1.       ORGANIZATION:
         ------------

        We (Edgewater Technology, Inc.) provide business solutions through our
eSolutions segment, which was acquired effective April 1, 1999. As discussed in
Note 4, we have sold our interests in our Commercial staffing segment, Robert
Walters (finance and accounting staffing services), Strategic Legal Resources
(legal staffing), IntelliMark (information technology staffing and solutions)
and ClinForce (clinical trials support services). As a result of these
transactions, the operating results for these non-eSolutions divisions have been
included in discontinued operations in the accompanying consolidated financial
statements.

        We provide eSolutions, eStrategy and Internet solution consulting
services to businesses. These services primarily include the design, development
and implementation of web-based applications as well as eCommerce software
solutions and consulting services to clients throughout the United States. We
have approximately 250 employees and offices in Massachusetts, New Hampshire,
Arkansas, Minnesota, North Carolina and Alabama.

        Revenues pursuant to time and materials contracts are generally
recognized as services are provided. Revenues pursuant to fixed-fee contracts
are generally recognized as services are rendered using the
percentage-of-completion method of accounting. Revenues and earnings may
fluctuate from quarter to quarter based on the number, size and scope of
projects in which we are engaged, the contractual terms and degree of completion
of such projects, any delays incurred in connection with a project, employee
utilization rates, the adequacy of provisions for losses, the use of estimates
of resources required to complete ongoing projects, general economic conditions
and other factors. Certain significant estimates include percentage of
completion estimates used for fixed price contracts and the allowance for
doubtful accounts. These items are frequently monitored and analyzed by
management for changes in facts and circumstances and material changes in these
estimates could occur in the future. Gross profit reflects revenues less
consultant expenses whether or not the consultant's time is billed to a client.
Gross margin is affected by the number of workdays in a period and trends in
client billings. Any significant decline in fees billed to clients or the loss
of a significant client would adversely affect our revenues, gross margins and
net earnings. Selling, general and administrative expenses consist of sales and
marketing, recruiting, human resources, and administration salaries, commissions
and related expenses, office facilities, computer system expenditures,
professional fees, promotional expenses, and other general corporate expenses.
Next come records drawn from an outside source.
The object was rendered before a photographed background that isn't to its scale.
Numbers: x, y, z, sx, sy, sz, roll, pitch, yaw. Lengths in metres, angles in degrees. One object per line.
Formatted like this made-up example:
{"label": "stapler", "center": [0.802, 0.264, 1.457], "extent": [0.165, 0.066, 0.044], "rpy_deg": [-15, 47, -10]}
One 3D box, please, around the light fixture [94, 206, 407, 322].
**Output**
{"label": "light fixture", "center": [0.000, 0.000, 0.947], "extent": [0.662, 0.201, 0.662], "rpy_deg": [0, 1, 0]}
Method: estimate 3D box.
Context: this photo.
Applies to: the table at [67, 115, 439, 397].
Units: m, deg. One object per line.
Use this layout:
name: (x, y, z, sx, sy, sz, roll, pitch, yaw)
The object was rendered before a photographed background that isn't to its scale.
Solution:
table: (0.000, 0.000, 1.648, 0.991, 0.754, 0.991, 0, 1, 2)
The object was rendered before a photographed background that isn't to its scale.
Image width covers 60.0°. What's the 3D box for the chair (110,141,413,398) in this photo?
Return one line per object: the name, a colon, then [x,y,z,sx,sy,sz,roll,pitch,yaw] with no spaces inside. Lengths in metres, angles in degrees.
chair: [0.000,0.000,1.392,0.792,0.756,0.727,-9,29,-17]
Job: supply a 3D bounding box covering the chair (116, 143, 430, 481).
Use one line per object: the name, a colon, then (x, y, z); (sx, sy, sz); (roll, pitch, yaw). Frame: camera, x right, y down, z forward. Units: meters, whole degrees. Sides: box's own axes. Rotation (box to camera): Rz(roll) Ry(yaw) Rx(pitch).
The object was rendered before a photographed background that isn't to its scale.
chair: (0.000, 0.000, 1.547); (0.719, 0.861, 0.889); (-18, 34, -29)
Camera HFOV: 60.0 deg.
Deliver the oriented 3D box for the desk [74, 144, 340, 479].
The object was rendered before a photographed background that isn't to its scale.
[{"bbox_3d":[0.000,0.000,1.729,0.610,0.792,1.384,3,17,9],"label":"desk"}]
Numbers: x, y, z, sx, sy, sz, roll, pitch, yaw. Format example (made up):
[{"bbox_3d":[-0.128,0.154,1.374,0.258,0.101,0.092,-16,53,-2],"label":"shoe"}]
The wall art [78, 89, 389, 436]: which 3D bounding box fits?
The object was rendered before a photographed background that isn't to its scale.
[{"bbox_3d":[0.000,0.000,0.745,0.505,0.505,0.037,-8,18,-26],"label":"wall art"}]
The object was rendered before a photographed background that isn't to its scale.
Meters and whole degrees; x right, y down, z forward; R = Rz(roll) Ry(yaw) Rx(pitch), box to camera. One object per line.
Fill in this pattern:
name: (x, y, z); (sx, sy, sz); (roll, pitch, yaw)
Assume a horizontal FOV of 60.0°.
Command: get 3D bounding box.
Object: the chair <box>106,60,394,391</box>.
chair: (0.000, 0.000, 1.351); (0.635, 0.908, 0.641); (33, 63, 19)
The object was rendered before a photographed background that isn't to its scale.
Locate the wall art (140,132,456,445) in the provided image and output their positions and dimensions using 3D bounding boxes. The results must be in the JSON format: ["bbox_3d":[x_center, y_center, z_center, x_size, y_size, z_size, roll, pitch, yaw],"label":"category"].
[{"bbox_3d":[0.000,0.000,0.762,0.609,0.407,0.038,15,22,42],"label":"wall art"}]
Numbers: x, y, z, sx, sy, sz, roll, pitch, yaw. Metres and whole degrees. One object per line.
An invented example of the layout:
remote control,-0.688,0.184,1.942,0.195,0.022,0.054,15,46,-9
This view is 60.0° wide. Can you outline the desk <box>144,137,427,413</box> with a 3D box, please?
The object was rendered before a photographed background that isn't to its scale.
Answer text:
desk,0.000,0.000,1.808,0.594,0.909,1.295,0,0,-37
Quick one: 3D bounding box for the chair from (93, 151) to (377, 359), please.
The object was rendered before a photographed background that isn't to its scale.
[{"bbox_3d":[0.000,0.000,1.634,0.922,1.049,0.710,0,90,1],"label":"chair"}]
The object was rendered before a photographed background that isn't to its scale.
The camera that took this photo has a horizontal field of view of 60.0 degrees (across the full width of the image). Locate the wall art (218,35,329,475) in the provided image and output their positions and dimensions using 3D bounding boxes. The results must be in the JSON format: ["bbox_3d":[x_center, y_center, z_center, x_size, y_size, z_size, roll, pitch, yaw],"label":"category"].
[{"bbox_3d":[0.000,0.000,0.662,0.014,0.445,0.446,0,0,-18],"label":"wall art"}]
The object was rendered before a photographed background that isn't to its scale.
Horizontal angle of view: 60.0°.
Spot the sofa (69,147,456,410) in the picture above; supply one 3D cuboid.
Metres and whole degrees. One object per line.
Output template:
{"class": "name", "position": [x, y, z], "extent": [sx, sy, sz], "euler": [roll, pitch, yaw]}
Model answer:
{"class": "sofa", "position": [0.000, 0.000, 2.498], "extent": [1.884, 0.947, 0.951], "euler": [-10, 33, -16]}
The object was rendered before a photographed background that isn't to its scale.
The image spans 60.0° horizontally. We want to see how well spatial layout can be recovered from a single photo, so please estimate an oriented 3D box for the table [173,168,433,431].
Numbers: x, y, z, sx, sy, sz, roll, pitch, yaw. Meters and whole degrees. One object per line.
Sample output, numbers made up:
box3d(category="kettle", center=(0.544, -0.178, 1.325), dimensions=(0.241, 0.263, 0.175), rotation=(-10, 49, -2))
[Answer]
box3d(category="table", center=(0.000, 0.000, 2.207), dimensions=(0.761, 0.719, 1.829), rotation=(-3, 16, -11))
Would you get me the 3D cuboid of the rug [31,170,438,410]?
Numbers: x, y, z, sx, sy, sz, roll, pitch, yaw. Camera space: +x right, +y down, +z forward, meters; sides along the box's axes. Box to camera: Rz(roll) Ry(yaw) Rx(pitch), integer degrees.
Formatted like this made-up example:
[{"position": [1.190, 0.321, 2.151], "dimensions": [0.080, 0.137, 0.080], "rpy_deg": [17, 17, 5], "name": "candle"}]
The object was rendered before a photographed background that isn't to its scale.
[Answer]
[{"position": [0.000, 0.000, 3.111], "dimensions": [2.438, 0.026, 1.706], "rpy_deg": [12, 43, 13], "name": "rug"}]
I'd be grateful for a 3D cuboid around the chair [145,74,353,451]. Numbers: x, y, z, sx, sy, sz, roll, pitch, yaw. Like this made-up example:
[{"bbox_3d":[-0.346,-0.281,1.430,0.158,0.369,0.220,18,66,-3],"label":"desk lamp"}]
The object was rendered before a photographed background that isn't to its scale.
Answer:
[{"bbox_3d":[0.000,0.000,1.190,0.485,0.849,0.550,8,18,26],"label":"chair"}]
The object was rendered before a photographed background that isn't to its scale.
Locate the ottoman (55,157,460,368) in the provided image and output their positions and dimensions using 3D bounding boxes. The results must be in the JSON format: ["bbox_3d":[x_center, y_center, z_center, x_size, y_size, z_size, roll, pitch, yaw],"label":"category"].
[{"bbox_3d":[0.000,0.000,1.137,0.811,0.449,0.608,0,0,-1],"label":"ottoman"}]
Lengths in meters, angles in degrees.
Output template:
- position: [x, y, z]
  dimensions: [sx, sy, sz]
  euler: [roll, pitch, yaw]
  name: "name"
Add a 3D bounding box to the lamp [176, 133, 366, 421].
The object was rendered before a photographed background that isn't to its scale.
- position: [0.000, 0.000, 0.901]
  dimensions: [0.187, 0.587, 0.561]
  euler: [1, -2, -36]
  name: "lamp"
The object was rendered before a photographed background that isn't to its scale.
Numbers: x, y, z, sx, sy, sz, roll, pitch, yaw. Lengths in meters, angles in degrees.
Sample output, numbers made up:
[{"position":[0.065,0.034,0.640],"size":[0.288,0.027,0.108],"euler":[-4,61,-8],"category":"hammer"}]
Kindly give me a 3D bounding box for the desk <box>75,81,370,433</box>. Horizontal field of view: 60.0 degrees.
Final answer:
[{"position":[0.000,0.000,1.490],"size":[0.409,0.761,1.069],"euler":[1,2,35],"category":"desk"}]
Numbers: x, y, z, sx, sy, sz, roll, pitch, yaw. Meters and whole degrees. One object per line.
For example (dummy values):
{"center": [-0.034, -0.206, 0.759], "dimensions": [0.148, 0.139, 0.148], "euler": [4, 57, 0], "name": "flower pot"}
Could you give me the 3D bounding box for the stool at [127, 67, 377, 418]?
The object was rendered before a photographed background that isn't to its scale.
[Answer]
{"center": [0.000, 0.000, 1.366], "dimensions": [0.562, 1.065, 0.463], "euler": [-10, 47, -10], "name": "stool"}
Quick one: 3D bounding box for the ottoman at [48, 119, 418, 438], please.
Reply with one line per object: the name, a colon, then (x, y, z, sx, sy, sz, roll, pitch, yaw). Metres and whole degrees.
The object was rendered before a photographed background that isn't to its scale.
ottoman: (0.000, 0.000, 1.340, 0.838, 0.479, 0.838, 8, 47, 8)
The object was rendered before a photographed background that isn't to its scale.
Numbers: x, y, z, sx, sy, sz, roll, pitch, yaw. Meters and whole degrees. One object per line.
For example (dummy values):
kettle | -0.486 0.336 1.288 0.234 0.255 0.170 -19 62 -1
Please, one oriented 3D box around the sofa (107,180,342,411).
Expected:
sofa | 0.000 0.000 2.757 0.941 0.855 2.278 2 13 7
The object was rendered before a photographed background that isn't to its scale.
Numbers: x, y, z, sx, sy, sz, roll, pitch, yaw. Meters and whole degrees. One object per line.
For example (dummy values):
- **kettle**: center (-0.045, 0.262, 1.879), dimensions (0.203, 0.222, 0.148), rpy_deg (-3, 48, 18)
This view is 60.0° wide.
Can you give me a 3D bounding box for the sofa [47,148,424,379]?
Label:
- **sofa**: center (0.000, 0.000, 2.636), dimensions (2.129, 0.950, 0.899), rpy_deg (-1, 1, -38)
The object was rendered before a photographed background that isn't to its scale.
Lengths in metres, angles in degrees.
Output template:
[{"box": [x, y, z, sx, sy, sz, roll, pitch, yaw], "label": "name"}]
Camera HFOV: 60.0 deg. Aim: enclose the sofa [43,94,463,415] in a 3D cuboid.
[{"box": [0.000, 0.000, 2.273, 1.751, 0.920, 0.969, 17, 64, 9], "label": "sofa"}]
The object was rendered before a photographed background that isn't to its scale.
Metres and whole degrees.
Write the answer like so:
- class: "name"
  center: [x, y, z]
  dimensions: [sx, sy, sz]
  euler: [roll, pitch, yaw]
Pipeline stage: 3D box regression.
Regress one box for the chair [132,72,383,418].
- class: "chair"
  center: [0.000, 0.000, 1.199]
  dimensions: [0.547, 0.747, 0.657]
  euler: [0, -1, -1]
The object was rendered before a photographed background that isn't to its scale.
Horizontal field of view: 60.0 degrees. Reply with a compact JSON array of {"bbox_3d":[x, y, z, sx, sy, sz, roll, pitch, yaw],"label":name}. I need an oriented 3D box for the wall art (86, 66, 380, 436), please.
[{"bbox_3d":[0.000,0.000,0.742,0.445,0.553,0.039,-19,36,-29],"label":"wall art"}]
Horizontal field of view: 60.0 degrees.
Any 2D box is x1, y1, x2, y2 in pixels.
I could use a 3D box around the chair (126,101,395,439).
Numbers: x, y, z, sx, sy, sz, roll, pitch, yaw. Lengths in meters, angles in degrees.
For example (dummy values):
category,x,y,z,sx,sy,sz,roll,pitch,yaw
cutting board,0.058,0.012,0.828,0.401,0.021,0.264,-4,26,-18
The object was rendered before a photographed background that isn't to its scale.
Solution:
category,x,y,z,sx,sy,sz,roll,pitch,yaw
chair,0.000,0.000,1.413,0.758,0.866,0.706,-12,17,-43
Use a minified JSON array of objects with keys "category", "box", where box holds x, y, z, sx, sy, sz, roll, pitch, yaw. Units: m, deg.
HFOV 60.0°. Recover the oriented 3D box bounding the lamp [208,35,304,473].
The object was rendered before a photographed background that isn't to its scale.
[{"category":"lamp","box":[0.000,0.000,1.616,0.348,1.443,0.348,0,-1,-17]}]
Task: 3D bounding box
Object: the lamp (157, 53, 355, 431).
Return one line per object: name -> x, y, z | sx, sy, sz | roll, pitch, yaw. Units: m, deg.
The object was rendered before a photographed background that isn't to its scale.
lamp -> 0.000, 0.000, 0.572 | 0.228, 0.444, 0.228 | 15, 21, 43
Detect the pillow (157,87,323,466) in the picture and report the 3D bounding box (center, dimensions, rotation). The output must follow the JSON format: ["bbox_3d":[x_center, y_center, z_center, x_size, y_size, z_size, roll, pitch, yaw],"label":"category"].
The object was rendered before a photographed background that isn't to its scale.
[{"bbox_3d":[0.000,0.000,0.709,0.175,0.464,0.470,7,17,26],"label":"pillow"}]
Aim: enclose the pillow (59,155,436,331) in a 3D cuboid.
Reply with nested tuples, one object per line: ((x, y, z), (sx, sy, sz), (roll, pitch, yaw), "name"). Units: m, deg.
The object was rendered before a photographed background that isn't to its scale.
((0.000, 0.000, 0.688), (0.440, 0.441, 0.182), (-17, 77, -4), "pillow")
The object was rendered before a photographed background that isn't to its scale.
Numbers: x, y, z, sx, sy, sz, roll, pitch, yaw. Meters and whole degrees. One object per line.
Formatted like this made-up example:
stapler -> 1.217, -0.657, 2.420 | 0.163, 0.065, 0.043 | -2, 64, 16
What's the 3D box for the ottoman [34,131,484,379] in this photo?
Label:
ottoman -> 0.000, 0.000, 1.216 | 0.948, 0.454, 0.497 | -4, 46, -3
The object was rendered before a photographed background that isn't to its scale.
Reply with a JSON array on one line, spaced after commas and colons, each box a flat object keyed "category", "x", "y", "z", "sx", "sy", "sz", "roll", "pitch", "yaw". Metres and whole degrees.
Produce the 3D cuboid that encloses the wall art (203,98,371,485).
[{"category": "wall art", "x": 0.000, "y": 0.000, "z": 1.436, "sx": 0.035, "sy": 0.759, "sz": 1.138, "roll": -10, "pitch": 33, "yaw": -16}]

         On December 21, 2000, we commenced an issuer tender offer (the "Tender
Offer"), which expired on January 23, 2001. As a result of the Tender Offer, we
acquired (effective January 30, 2001) 16.25 million shares of our common stock
at $8 per share for aggregate consideration of $130 million, and common stock
subject to certain vested in-the-money stock options for aggregate consideration
of $0.2 million.

2.       BASIS OF PRESENTATION:
         ---------------------

        The accompanying interim financial statements have been prepared
pursuant to the rules and regulations of the Securities and Exchange Commission
(the "SEC"). Certain information and note disclosures normally included in
annual financial statements prepared in accordance with generally accepted
accounting principles have been omitted pursuant to those rules and regulations,
although we believe that the disclosures made are adequate to ensure the
information presented is not misleading.

        The accompanying interim financial statements reflect all adjustments
(which were of a normal, recurring nature) that, in the opinion of management,
are necessary to present fairly our financial position, results of operations
and cash flows as of and for the interim periods presented. All significant
intercompany transactions have been eliminated in the accompanying consolidated
financial statements. Additionally, certain reclassifications have been made to
prior period balances in order to conform with the current period presentation.
These financial statements should be read in conjunction with the audited
financial statements and notes thereto included in our 2000 Edgewater
Technology, Inc. Annual Report on Form 10-K as filed with the SEC on March 30,
2001.

                                       6


        The results of operations for the three months ended March 31, 2001 are
not necessarily indicative of the results to be expected for any future period
or the full fiscal year. Our revenue and earnings may fluctuate from quarter to
quarter based on factors within and outside our control including variability
in demand for Internet and for Internet professional services, the length of the
sales cycle associated with our service offerings, the number, size and scope of
our projects, and the efficiency with which we utilize our employees.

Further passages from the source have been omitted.